** Data extracts follows **
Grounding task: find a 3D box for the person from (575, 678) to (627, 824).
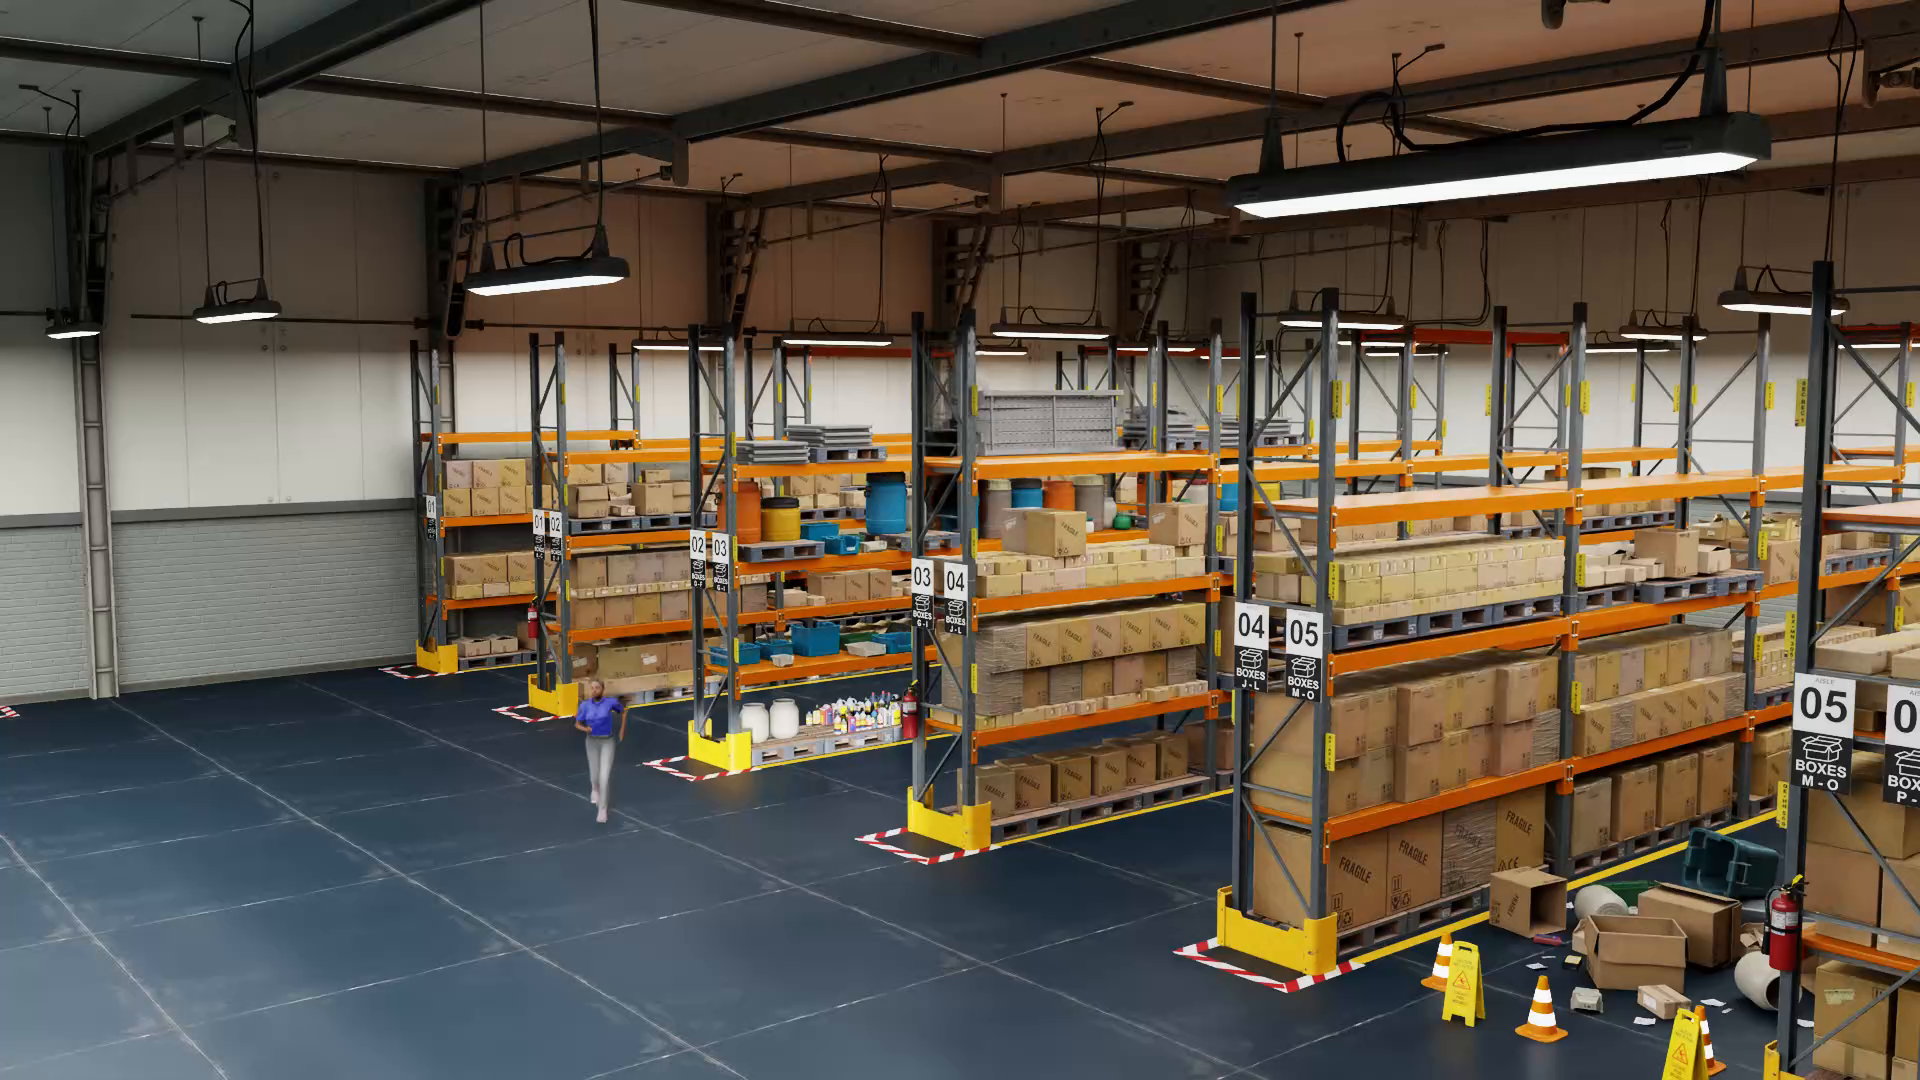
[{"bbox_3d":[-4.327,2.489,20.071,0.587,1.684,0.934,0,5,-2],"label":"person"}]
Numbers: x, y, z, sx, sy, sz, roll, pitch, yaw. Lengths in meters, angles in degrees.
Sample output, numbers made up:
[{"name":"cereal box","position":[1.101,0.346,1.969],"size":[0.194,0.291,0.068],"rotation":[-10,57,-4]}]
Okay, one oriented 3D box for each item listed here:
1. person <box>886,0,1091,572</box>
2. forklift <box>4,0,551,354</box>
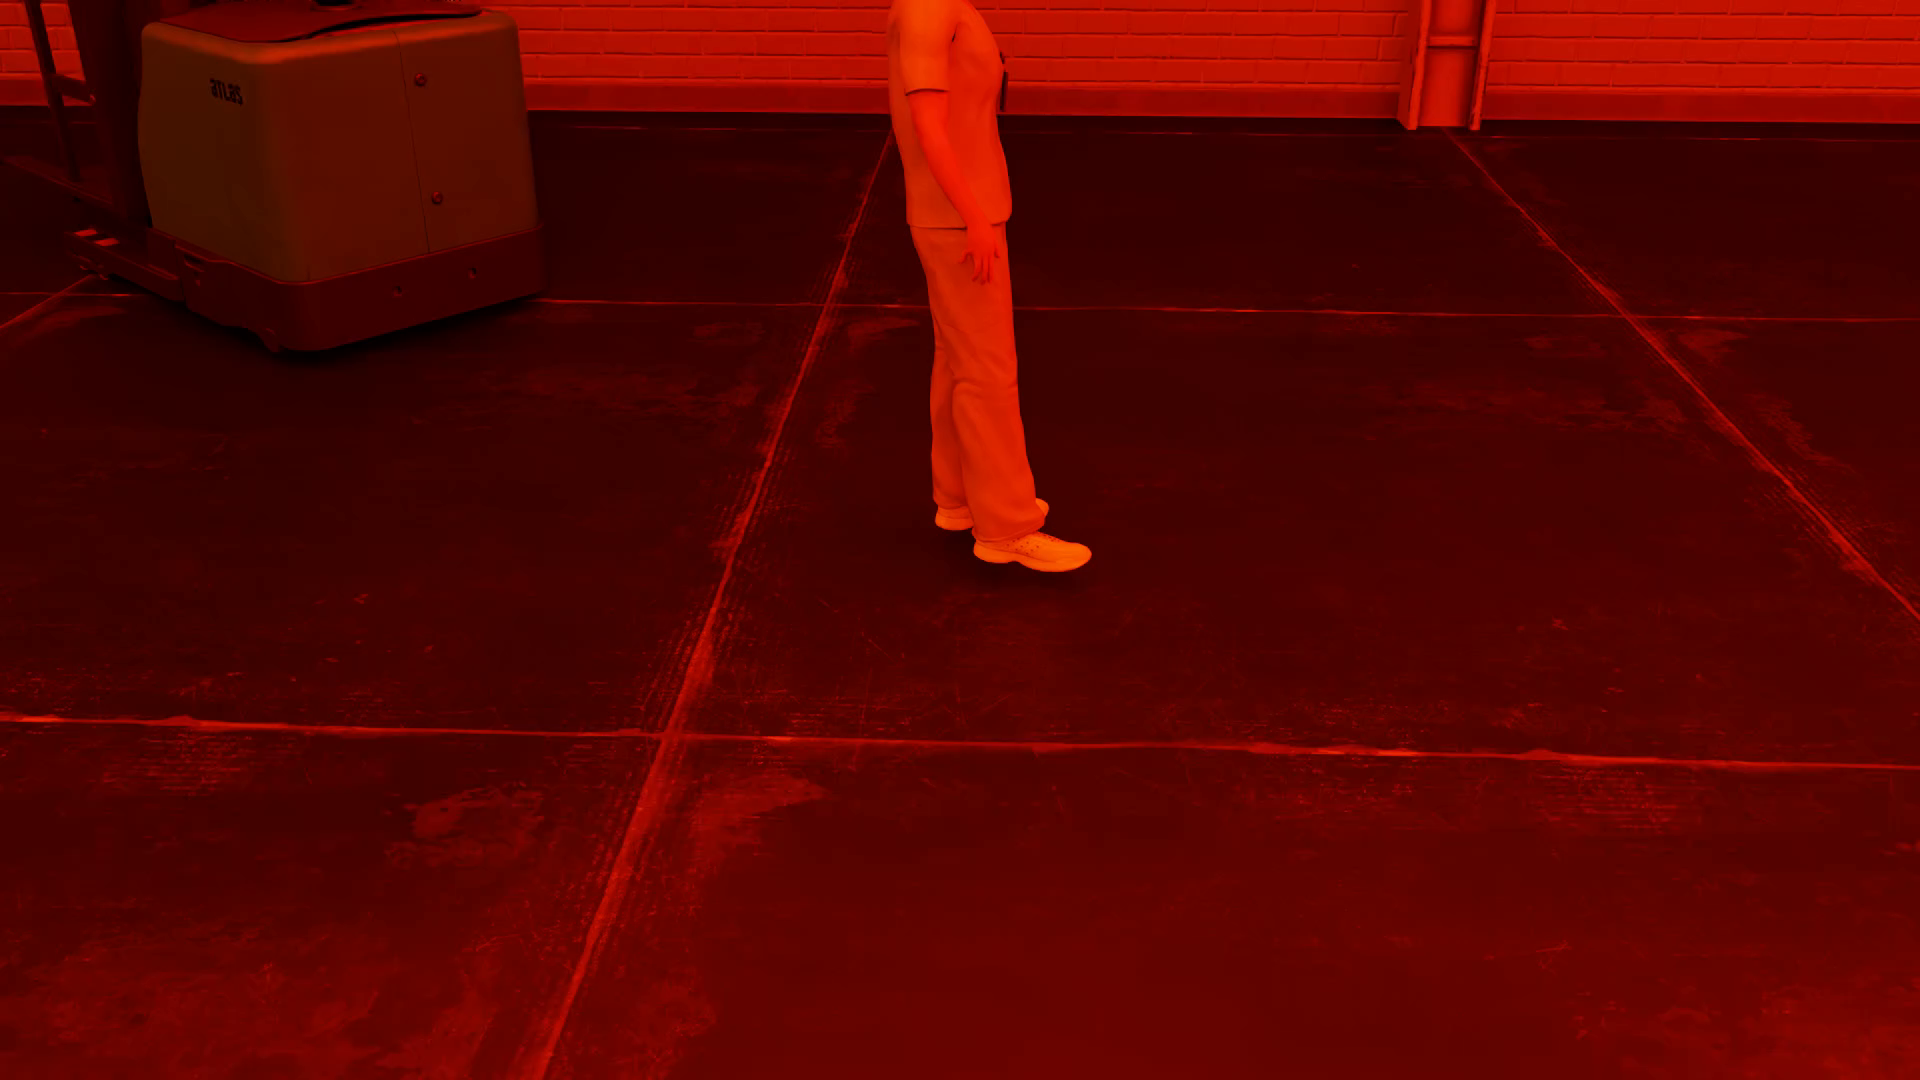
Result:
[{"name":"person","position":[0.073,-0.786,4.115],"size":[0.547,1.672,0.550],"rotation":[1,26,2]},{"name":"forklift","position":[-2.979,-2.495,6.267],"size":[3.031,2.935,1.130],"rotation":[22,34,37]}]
** End of Data extracts **
** Data extracts follows **
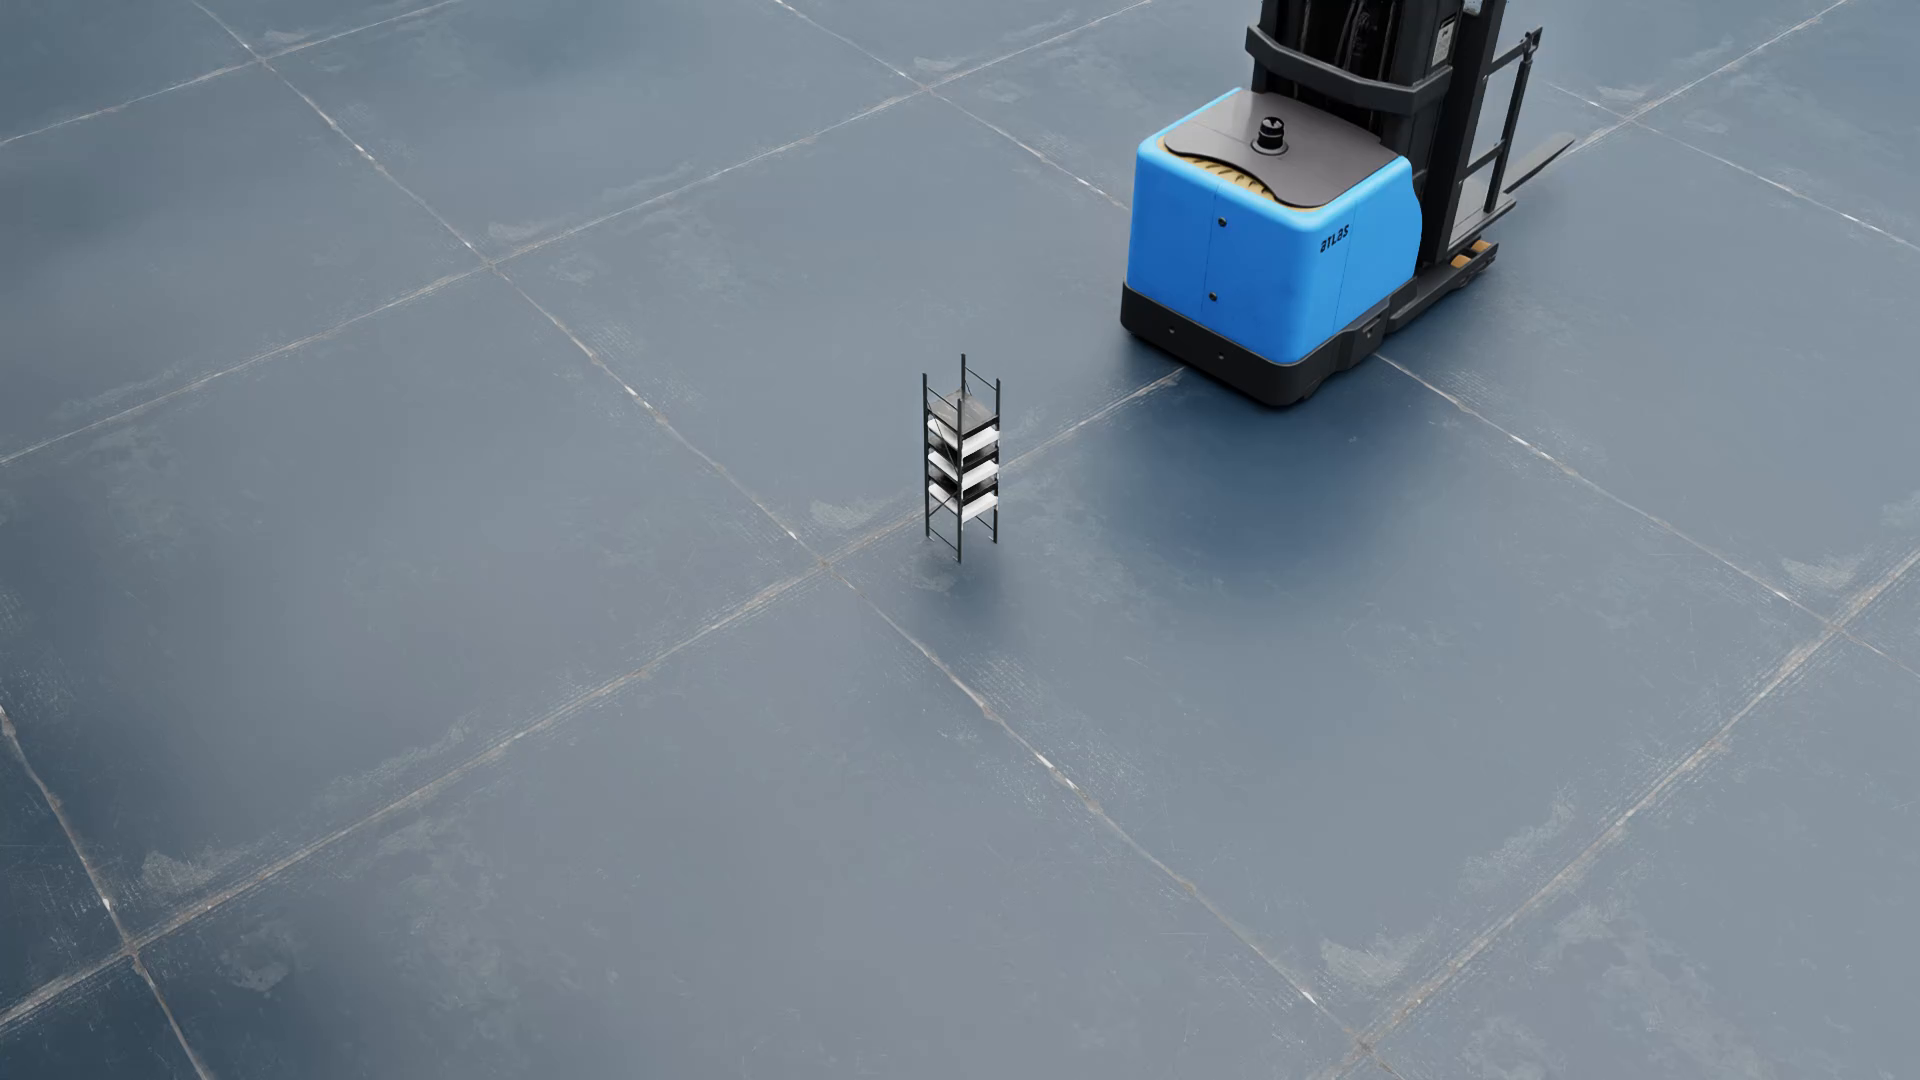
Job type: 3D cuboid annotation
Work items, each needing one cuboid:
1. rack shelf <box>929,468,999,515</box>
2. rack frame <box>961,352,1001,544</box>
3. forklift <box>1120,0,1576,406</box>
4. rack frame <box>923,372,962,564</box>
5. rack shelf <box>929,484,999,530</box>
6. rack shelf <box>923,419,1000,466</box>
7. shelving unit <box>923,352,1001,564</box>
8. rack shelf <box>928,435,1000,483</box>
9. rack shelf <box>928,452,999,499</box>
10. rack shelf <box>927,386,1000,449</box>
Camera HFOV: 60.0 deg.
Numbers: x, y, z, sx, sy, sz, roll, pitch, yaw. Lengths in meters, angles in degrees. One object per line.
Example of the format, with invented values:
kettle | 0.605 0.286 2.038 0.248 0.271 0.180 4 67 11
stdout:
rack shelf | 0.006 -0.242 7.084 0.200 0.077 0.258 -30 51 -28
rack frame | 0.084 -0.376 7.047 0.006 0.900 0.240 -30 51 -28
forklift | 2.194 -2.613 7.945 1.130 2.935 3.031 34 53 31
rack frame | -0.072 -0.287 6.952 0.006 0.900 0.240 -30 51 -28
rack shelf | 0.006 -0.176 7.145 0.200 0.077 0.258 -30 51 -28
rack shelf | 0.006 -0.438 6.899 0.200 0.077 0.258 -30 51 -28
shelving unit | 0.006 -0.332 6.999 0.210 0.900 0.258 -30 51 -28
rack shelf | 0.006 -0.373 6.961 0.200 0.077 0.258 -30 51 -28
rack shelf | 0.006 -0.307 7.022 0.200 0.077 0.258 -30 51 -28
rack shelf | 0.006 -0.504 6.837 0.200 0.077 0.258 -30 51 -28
** End of Data extracts **
** Data extracts follows **
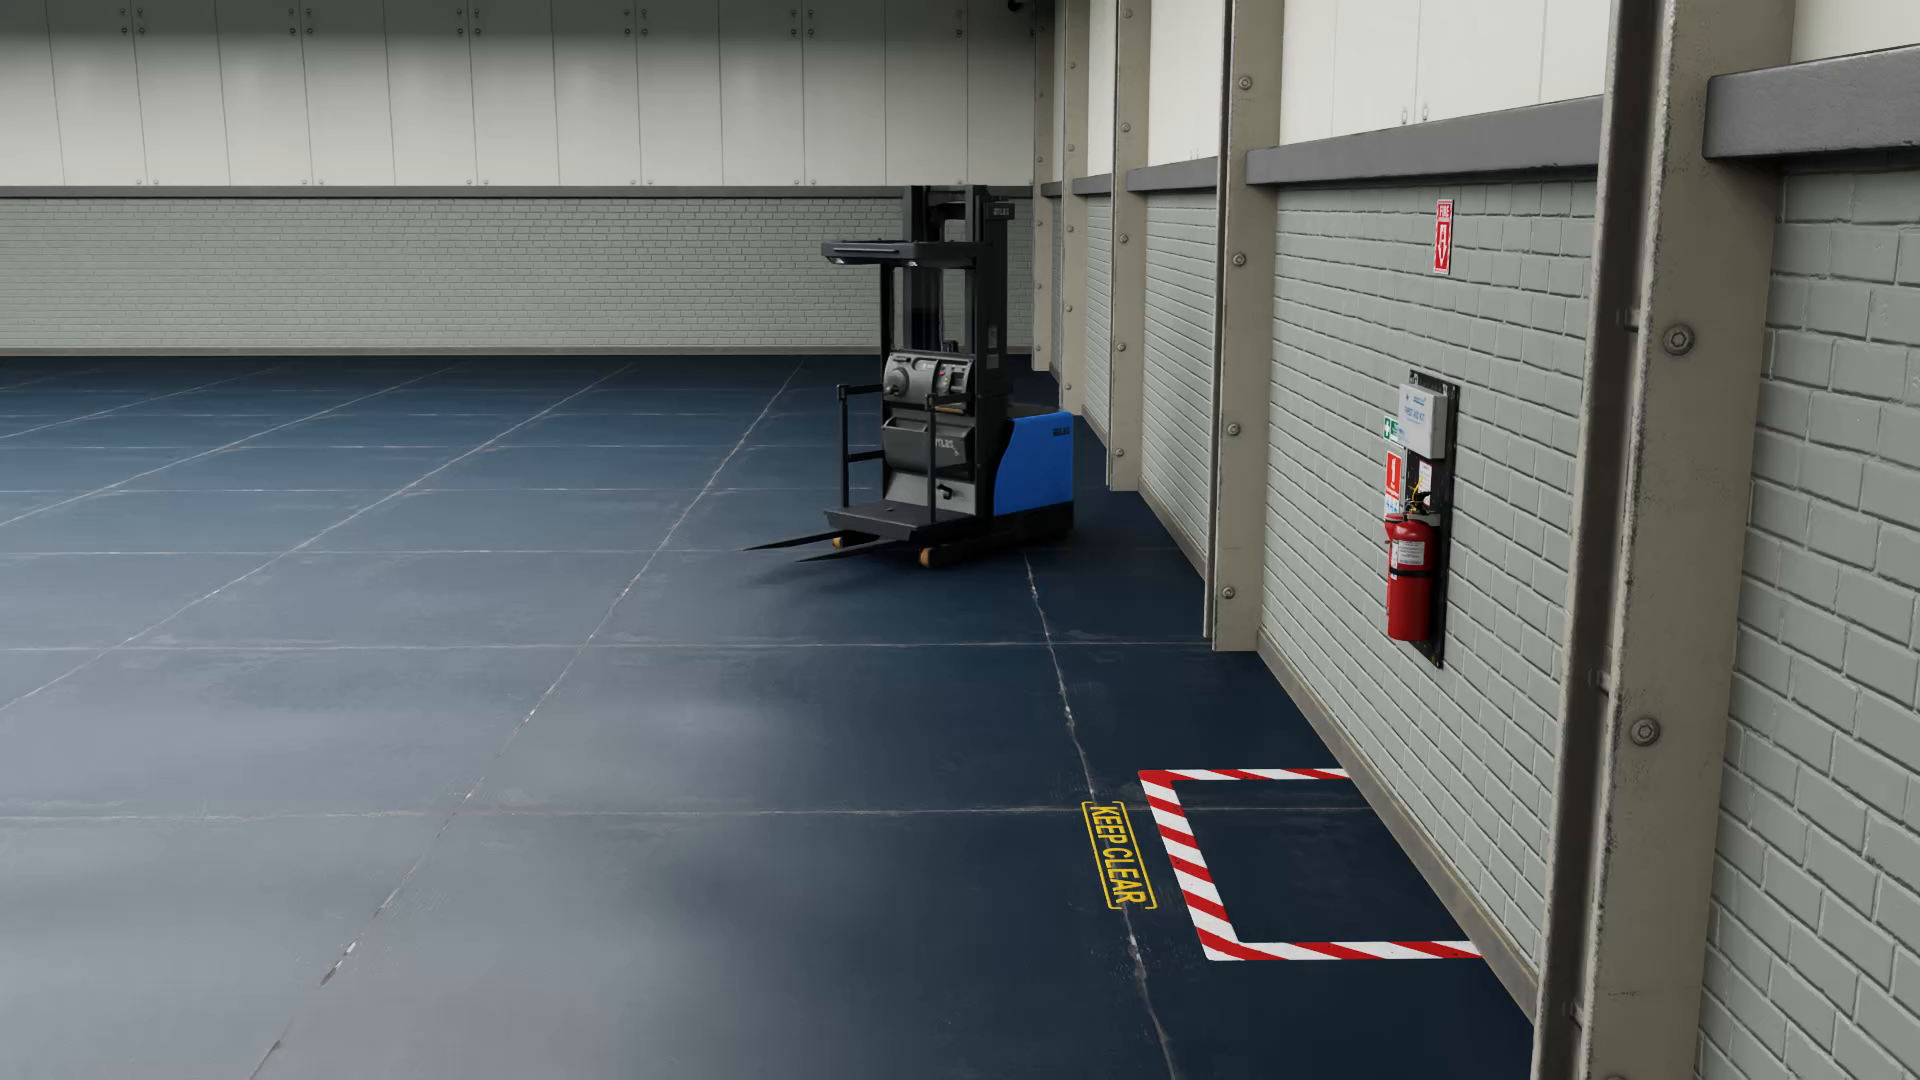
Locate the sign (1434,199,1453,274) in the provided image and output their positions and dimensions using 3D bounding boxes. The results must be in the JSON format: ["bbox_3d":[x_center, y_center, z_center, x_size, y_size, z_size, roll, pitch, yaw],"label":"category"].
** End of Data extracts **
## The problem:
Within the material above, find every line containing the word "pitch" and copy it.

## Your solution:
Numbers: x, y, z, sx, sy, sz, roll, pitch, yaw. Lengths in meters, angles in degrees.
Numbers: x, y, z, sx, sy, sz, roll, pitch, yaw. Lengths in meters, angles in degrees. One object per line.
Locate the sign (1434,199,1453,274) in the provided image and output their positions and dimensions using 3D bounding boxes. The results must be in the JSON format: ["bbox_3d":[x_center, y_center, z_center, x_size, y_size, z_size, roll, pitch, yaw],"label":"category"].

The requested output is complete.